* TASK STATEMENT
Retype only what runs from the first line of the listing to the line holding "3. car [153,269,283,316]", both included. Do not retype the pictures.

*** Opening STUDY MATERIAL ***

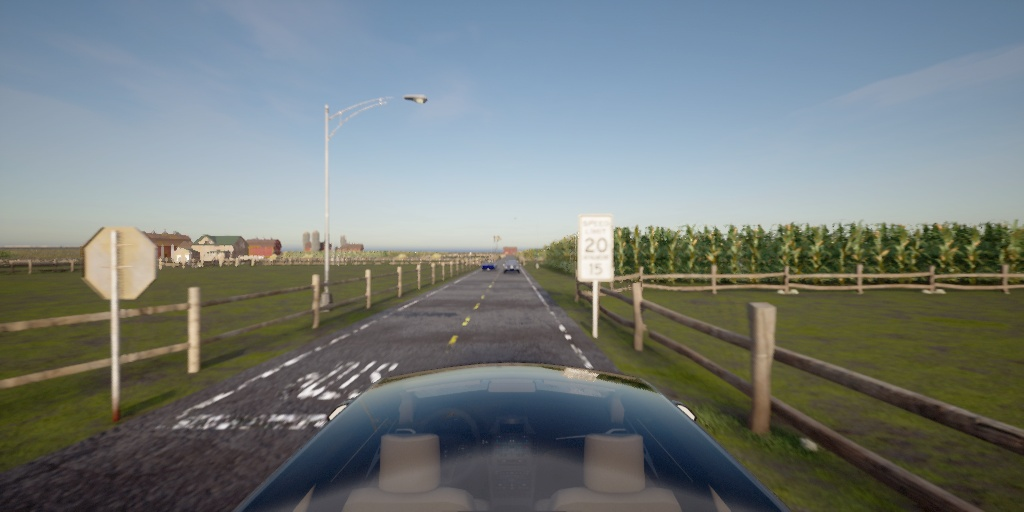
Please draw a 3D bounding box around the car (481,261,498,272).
[{"bbox_3d":[-2.777,1.226,44.473,1.895,1.301,4.718,0,0,0],"label":"car"}]

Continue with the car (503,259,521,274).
[{"bbox_3d":[-0.024,1.190,39.500,2.033,1.411,5.357,0,0,0],"label":"car"}]
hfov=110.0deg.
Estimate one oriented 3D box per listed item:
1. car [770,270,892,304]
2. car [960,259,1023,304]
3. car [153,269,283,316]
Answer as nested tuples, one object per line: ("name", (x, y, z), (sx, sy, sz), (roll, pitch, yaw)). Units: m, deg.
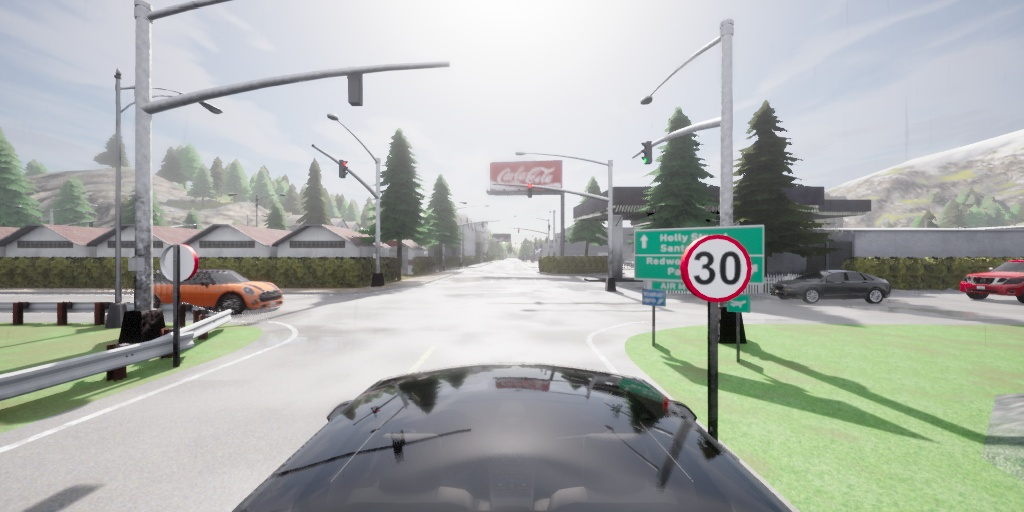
("car", (15.207, 1.446, 17.262), (4.892, 1.490, 1.837), (0, 0, 1))
("car", (25.177, 1.163, 17.127), (5.566, 2.045, 2.150), (0, 0, 0))
("car", (-11.599, 1.294, 14.002), (4.553, 1.767, 2.097), (0, 0, -1))

*** Closing STUDY MATERIAL ***

* ANSWER TO THIS PROBLEM
Please draw a 3D bounding box around the car (481,261,498,272).
[{"bbox_3d":[-2.777,1.226,44.473,1.895,1.301,4.718,0,0,0],"label":"car"}]

Continue with the car (503,259,521,274).
[{"bbox_3d":[-0.024,1.190,39.500,2.033,1.411,5.357,0,0,0],"label":"car"}]
hfov=110.0deg.
Estimate one oriented 3D box per listed item:
1. car [770,270,892,304]
2. car [960,259,1023,304]
3. car [153,269,283,316]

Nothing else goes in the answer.